### [REQUIRED ACTION]
Nothing but the lines from the one containing "Short answer required." to the end of the data should be copied, exactly, and the pictures stay out.

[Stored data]
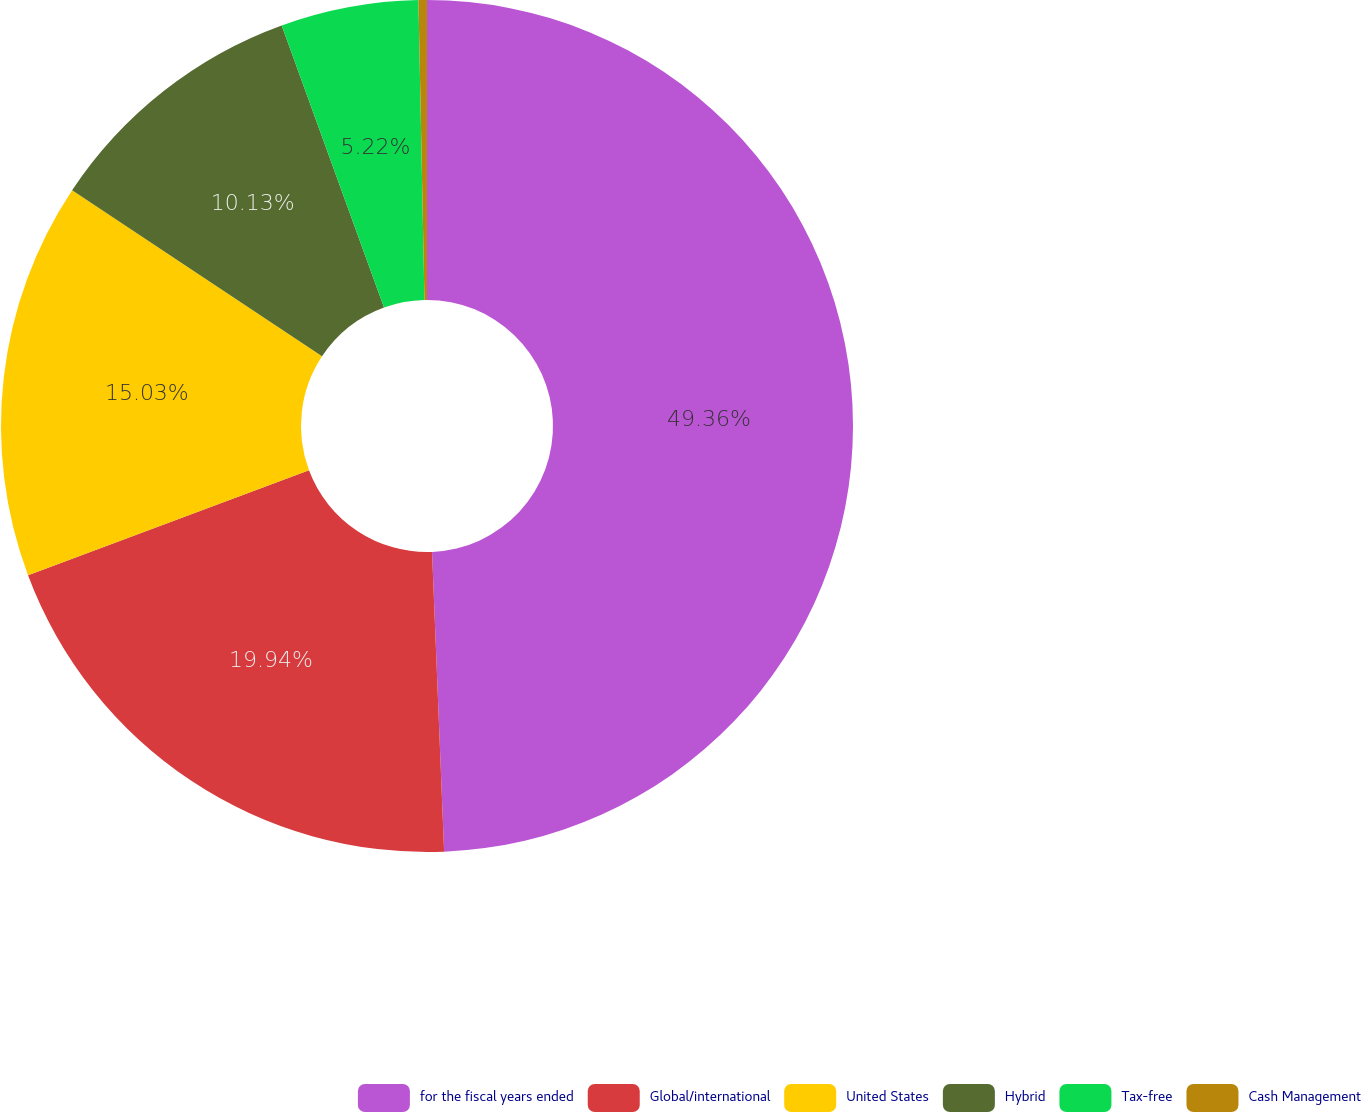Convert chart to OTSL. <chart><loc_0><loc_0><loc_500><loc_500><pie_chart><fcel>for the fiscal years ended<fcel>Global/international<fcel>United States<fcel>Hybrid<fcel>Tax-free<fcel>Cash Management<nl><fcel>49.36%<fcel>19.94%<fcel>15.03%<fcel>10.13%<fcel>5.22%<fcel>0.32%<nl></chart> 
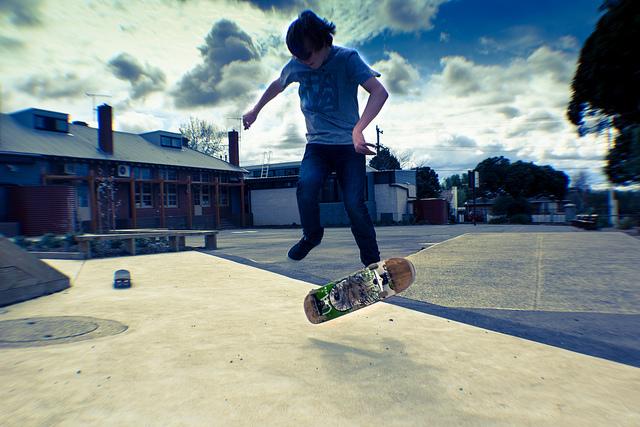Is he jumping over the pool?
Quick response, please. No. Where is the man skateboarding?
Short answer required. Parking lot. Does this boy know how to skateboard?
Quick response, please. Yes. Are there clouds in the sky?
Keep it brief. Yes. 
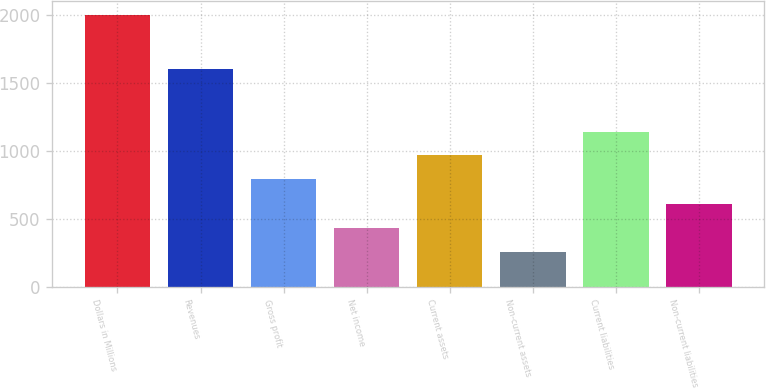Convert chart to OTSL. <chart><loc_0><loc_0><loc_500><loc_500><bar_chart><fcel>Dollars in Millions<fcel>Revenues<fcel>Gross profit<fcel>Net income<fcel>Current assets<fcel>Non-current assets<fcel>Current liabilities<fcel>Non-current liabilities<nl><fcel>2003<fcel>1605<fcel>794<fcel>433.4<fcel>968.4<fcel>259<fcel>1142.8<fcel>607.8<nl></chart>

### [FINISHED TASK]
Short answer required. Parking lot. Does this boy know how to skateboard?
Quick response, please. Yes. Are there clouds in the sky?
Keep it brief. Yes. 
Convert chart to OTSL. <chart><loc_0><loc_0><loc_500><loc_500><bar_chart><fcel>Dollars in Millions<fcel>Revenues<fcel>Gross profit<fcel>Net income<fcel>Current assets<fcel>Non-current assets<fcel>Current liabilities<fcel>Non-current liabilities<nl><fcel>2003<fcel>1605<fcel>794<fcel>433.4<fcel>968.4<fcel>259<fcel>1142.8<fcel>607.8<nl></chart>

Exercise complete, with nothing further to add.